### Data supplied

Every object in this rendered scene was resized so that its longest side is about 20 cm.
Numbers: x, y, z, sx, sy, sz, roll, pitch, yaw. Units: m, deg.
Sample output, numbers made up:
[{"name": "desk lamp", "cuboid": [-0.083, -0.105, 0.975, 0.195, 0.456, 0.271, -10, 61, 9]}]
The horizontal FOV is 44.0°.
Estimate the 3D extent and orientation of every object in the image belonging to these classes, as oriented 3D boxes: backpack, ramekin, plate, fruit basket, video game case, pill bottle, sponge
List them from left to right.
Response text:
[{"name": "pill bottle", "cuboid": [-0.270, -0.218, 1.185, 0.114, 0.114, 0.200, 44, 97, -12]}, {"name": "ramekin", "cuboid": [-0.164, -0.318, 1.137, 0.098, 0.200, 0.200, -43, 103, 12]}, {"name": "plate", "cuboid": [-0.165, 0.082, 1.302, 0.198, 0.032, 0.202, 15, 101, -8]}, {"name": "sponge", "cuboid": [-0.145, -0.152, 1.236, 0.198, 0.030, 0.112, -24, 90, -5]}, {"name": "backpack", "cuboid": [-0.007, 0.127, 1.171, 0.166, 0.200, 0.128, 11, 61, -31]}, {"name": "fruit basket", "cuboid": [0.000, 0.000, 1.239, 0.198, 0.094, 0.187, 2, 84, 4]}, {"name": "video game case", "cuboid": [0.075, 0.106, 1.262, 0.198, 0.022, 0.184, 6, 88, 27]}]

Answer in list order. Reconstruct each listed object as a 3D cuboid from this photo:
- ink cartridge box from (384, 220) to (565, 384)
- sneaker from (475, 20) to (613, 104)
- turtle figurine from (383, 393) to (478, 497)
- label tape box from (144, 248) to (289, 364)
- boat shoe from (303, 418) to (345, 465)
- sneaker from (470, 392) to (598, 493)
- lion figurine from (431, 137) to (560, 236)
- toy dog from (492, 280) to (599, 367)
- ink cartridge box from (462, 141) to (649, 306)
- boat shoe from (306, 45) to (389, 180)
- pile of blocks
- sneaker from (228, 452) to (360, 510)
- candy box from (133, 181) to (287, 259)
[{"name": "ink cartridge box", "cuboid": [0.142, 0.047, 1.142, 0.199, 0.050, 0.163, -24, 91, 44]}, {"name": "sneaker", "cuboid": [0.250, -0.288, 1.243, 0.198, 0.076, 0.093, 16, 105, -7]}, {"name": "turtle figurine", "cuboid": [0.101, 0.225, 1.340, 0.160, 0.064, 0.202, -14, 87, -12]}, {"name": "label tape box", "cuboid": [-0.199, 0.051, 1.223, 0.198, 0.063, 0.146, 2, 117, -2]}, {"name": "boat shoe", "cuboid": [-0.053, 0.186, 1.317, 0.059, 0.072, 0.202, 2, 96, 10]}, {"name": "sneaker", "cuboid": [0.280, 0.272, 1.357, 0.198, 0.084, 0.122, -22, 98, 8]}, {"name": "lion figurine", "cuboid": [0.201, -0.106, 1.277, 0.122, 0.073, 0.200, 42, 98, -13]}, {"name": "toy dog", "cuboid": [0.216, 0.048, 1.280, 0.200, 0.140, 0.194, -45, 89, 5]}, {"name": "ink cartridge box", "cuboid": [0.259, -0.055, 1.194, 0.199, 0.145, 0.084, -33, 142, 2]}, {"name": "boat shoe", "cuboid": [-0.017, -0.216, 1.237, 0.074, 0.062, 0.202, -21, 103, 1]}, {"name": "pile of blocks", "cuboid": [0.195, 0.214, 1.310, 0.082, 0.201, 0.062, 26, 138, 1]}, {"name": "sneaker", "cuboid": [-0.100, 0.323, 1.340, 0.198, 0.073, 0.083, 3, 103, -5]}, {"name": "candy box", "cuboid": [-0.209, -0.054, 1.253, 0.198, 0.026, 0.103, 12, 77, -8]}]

######

__What the exercise asks__:
Each line in the records that carries "this" must be copied out.

__Solution to the exercise__:
Every object in this rendered scene was resized so that its longest side is about 20 cm.
Answer in list order. Reconstruct each listed object as a 3D cuboid from this photo:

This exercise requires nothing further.